#### [TASK TO COMPLETE]
The entries are to be returned exactly, with images left out.

#### [Data excerpts]
►

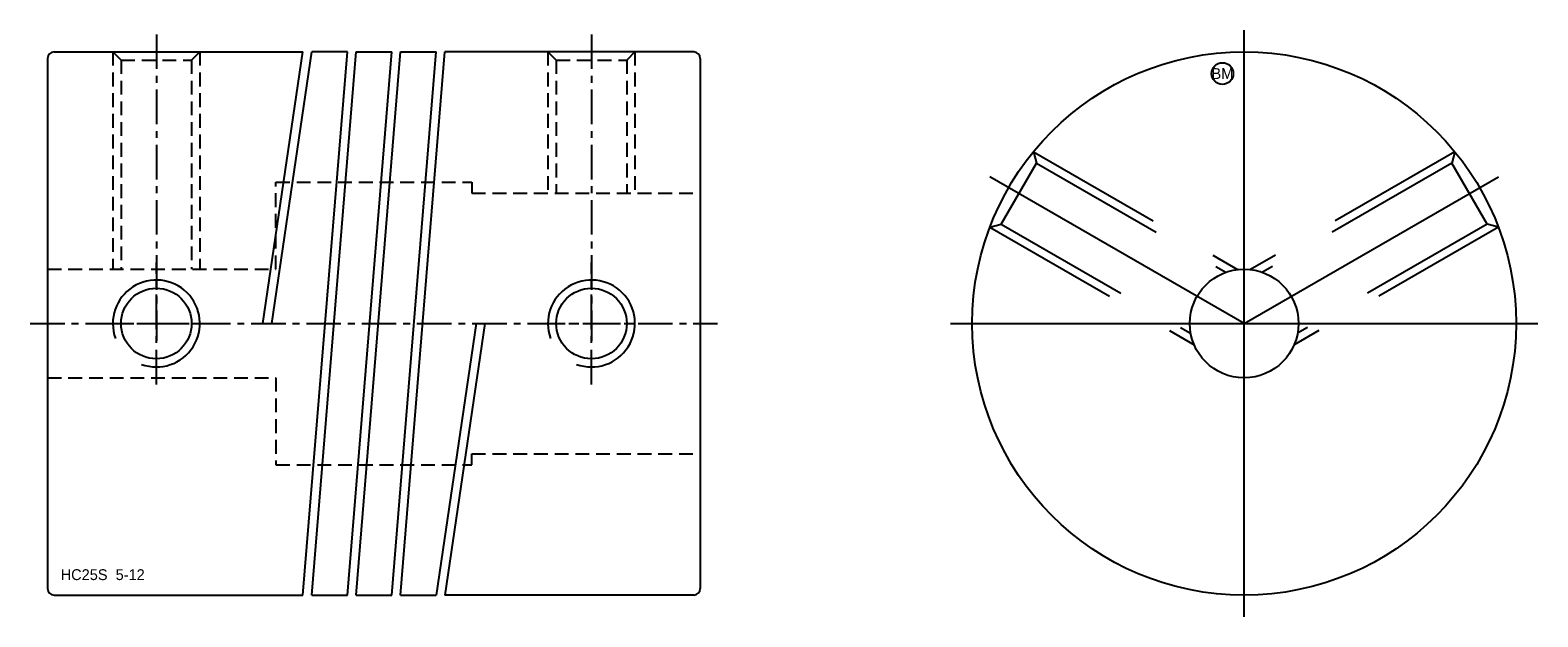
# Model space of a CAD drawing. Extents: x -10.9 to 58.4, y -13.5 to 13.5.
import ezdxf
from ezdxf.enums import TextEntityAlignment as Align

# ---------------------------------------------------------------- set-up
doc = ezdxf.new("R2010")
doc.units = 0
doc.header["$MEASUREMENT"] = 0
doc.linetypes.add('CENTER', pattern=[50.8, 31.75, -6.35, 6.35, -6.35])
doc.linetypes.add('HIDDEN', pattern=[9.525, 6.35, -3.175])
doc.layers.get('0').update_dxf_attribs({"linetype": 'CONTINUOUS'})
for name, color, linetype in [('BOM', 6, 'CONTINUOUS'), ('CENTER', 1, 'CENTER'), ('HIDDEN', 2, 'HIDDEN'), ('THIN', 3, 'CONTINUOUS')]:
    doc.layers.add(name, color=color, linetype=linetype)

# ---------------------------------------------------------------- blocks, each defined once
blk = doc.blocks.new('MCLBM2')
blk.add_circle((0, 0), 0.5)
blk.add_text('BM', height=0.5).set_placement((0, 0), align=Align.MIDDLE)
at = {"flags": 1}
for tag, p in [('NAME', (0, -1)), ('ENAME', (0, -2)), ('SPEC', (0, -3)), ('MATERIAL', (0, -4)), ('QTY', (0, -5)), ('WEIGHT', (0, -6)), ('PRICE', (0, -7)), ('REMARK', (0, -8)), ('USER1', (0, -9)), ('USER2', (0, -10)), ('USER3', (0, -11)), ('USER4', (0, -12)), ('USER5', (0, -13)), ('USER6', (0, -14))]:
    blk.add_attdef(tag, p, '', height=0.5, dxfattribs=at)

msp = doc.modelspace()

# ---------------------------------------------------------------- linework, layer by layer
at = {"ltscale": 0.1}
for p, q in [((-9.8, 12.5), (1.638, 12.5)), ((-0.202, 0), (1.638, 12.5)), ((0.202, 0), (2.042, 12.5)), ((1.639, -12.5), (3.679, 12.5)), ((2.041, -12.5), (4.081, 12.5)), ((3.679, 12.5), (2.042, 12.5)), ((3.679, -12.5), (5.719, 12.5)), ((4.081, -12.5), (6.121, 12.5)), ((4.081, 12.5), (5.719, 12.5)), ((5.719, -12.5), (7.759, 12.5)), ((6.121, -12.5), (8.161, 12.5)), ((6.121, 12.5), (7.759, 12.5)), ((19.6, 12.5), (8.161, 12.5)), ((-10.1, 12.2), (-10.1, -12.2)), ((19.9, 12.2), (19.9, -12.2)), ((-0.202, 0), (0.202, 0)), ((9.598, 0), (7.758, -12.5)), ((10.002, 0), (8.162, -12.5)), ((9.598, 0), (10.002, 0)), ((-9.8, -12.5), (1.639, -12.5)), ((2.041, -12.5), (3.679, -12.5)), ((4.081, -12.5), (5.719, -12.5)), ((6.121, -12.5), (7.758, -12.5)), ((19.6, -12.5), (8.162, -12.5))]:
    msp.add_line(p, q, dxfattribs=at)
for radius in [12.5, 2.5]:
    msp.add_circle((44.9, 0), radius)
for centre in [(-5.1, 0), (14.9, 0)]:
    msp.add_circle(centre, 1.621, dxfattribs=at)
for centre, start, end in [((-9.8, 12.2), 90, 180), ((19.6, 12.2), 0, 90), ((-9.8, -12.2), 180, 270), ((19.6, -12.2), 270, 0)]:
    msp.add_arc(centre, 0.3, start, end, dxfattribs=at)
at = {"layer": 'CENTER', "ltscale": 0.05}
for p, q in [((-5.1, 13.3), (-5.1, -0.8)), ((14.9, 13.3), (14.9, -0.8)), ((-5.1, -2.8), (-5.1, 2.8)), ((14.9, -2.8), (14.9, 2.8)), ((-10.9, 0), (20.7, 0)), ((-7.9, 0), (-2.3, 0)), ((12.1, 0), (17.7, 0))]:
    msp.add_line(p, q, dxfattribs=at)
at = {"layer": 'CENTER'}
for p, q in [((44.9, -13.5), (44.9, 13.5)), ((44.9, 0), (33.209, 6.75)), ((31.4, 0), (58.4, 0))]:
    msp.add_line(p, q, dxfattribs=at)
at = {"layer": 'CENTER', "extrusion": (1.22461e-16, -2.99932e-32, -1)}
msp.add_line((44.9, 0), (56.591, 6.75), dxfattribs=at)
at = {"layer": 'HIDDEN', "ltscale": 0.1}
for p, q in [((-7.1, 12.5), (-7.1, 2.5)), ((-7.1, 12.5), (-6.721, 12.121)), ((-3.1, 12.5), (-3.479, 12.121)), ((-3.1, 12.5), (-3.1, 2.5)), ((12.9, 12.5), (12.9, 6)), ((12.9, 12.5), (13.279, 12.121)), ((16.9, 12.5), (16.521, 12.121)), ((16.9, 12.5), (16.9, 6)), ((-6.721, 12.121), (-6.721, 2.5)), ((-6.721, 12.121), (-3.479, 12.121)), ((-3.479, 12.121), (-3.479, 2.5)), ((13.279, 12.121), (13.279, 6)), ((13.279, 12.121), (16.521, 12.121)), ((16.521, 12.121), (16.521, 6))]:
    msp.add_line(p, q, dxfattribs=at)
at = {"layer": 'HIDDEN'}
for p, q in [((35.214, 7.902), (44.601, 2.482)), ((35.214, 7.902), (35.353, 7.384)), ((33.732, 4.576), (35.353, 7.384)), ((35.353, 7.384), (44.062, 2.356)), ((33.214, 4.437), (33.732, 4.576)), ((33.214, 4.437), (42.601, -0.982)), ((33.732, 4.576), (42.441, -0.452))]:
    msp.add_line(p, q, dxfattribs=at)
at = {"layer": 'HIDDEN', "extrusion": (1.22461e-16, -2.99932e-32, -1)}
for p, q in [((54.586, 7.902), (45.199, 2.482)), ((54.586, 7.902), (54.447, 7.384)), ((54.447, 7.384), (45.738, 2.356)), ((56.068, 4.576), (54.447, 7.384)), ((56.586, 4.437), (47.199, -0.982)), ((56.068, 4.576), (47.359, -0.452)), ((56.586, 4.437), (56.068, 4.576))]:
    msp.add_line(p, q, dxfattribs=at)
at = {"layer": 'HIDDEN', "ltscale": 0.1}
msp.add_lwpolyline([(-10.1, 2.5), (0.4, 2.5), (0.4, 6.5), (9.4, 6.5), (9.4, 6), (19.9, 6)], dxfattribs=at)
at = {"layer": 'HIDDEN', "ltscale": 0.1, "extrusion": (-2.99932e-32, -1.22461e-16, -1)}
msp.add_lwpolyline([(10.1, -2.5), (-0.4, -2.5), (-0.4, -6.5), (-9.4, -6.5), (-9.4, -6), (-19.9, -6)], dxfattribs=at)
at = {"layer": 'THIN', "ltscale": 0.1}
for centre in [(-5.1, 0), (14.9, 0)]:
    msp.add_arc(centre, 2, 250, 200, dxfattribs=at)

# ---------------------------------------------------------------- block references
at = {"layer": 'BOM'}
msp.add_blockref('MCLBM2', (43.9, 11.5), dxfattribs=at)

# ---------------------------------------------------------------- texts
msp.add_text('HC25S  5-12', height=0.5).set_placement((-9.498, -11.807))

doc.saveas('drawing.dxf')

◄

#### [SOLUTION TO THE PROBLEM]
# Model space of a CAD drawing. Extents: x -10.9 to 58.4, y -13.5 to 13.5.
import ezdxf
from ezdxf.enums import TextEntityAlignment as Align

# ---------------------------------------------------------------- set-up
doc = ezdxf.new("R2010")
doc.units = 0
doc.header["$MEASUREMENT"] = 0
doc.linetypes.add('CENTER', pattern=[50.8, 31.75, -6.35, 6.35, -6.35])
doc.linetypes.add('HIDDEN', pattern=[9.525, 6.35, -3.175])
doc.layers.get('0').update_dxf_attribs({"linetype": 'CONTINUOUS'})
for name, color, linetype in [('BOM', 6, 'CONTINUOUS'), ('CENTER', 1, 'CENTER'), ('HIDDEN', 2, 'HIDDEN'), ('THIN', 3, 'CONTINUOUS')]:
    doc.layers.add(name, color=color, linetype=linetype)

# ---------------------------------------------------------------- blocks, each defined once
blk = doc.blocks.new('MCLBM2')
blk.add_circle((0, 0), 0.5)
blk.add_text('BM', height=0.5).set_placement((0, 0), align=Align.MIDDLE)
at = {"flags": 1}
for tag, p in [('NAME', (0, -1)), ('ENAME', (0, -2)), ('SPEC', (0, -3)), ('MATERIAL', (0, -4)), ('QTY', (0, -5)), ('WEIGHT', (0, -6)), ('PRICE', (0, -7)), ('REMARK', (0, -8)), ('USER1', (0, -9)), ('USER2', (0, -10)), ('USER3', (0, -11)), ('USER4', (0, -12)), ('USER5', (0, -13)), ('USER6', (0, -14))]:
    blk.add_attdef(tag, p, '', height=0.5, dxfattribs=at)

msp = doc.modelspace()

# ---------------------------------------------------------------- linework, layer by layer
at = {"ltscale": 0.1}
for p, q in [((-9.8, 12.5), (1.638, 12.5)), ((-0.202, 0), (1.638, 12.5)), ((0.202, 0), (2.042, 12.5)), ((1.639, -12.5), (3.679, 12.5)), ((2.041, -12.5), (4.081, 12.5)), ((3.679, 12.5), (2.042, 12.5)), ((3.679, -12.5), (5.719, 12.5)), ((4.081, -12.5), (6.121, 12.5)), ((4.081, 12.5), (5.719, 12.5)), ((5.719, -12.5), (7.759, 12.5)), ((6.121, -12.5), (8.161, 12.5)), ((6.121, 12.5), (7.759, 12.5)), ((19.6, 12.5), (8.161, 12.5)), ((-10.1, 12.2), (-10.1, -12.2)), ((19.9, 12.2), (19.9, -12.2)), ((-0.202, 0), (0.202, 0)), ((9.598, 0), (7.758, -12.5)), ((10.002, 0), (8.162, -12.5)), ((9.598, 0), (10.002, 0)), ((-9.8, -12.5), (1.639, -12.5)), ((2.041, -12.5), (3.679, -12.5)), ((4.081, -12.5), (5.719, -12.5)), ((6.121, -12.5), (7.758, -12.5)), ((19.6, -12.5), (8.162, -12.5))]:
    msp.add_line(p, q, dxfattribs=at)
for radius in [12.5, 2.5]:
    msp.add_circle((44.9, 0), radius)
for centre in [(-5.1, 0), (14.9, 0)]:
    msp.add_circle(centre, 1.621, dxfattribs=at)
for centre, start, end in [((-9.8, 12.2), 90, 180), ((19.6, 12.2), 0, 90), ((-9.8, -12.2), 180, 270), ((19.6, -12.2), 270, 0)]:
    msp.add_arc(centre, 0.3, start, end, dxfattribs=at)
at = {"layer": 'CENTER', "ltscale": 0.05}
for p, q in [((-5.1, 13.3), (-5.1, -0.8)), ((14.9, 13.3), (14.9, -0.8)), ((-5.1, -2.8), (-5.1, 2.8)), ((14.9, -2.8), (14.9, 2.8)), ((-10.9, 0), (20.7, 0)), ((-7.9, 0), (-2.3, 0)), ((12.1, 0), (17.7, 0))]:
    msp.add_line(p, q, dxfattribs=at)
at = {"layer": 'CENTER'}
for p, q in [((44.9, -13.5), (44.9, 13.5)), ((44.9, 0), (33.209, 6.75)), ((31.4, 0), (58.4, 0))]:
    msp.add_line(p, q, dxfattribs=at)
at = {"layer": 'CENTER', "extrusion": (1.22461e-16, -2.99932e-32, -1)}
msp.add_line((44.9, 0), (56.591, 6.75), dxfattribs=at)
at = {"layer": 'HIDDEN', "ltscale": 0.1}
for p, q in [((-7.1, 12.5), (-7.1, 2.5)), ((-7.1, 12.5), (-6.721, 12.121)), ((-3.1, 12.5), (-3.479, 12.121)), ((-3.1, 12.5), (-3.1, 2.5)), ((12.9, 12.5), (12.9, 6)), ((12.9, 12.5), (13.279, 12.121)), ((16.9, 12.5), (16.521, 12.121)), ((16.9, 12.5), (16.9, 6)), ((-6.721, 12.121), (-6.721, 2.5)), ((-6.721, 12.121), (-3.479, 12.121)), ((-3.479, 12.121), (-3.479, 2.5)), ((13.279, 12.121), (13.279, 6)), ((13.279, 12.121), (16.521, 12.121)), ((16.521, 12.121), (16.521, 6))]:
    msp.add_line(p, q, dxfattribs=at)
at = {"layer": 'HIDDEN'}
for p, q in [((35.214, 7.902), (44.601, 2.482)), ((35.214, 7.902), (35.353, 7.384)), ((33.732, 4.576), (35.353, 7.384)), ((35.353, 7.384), (44.062, 2.356)), ((33.214, 4.437), (33.732, 4.576)), ((33.214, 4.437), (42.601, -0.982)), ((33.732, 4.576), (42.441, -0.452))]:
    msp.add_line(p, q, dxfattribs=at)
at = {"layer": 'HIDDEN', "extrusion": (1.22461e-16, -2.99932e-32, -1)}
for p, q in [((54.586, 7.902), (45.199, 2.482)), ((54.586, 7.902), (54.447, 7.384)), ((54.447, 7.384), (45.738, 2.356)), ((56.068, 4.576), (54.447, 7.384)), ((56.586, 4.437), (47.199, -0.982)), ((56.068, 4.576), (47.359, -0.452)), ((56.586, 4.437), (56.068, 4.576))]:
    msp.add_line(p, q, dxfattribs=at)
at = {"layer": 'HIDDEN', "ltscale": 0.1}
msp.add_lwpolyline([(-10.1, 2.5), (0.4, 2.5), (0.4, 6.5), (9.4, 6.5), (9.4, 6), (19.9, 6)], dxfattribs=at)
at = {"layer": 'HIDDEN', "ltscale": 0.1, "extrusion": (-2.99932e-32, -1.22461e-16, -1)}
msp.add_lwpolyline([(10.1, -2.5), (-0.4, -2.5), (-0.4, -6.5), (-9.4, -6.5), (-9.4, -6), (-19.9, -6)], dxfattribs=at)
at = {"layer": 'THIN', "ltscale": 0.1}
for centre in [(-5.1, 0), (14.9, 0)]:
    msp.add_arc(centre, 2, 250, 200, dxfattribs=at)

# ---------------------------------------------------------------- block references
at = {"layer": 'BOM'}
msp.add_blockref('MCLBM2', (43.9, 11.5), dxfattribs=at)

# ---------------------------------------------------------------- texts
msp.add_text('HC25S  5-12', height=0.5).set_placement((-9.498, -11.807))

doc.saveas('drawing.dxf')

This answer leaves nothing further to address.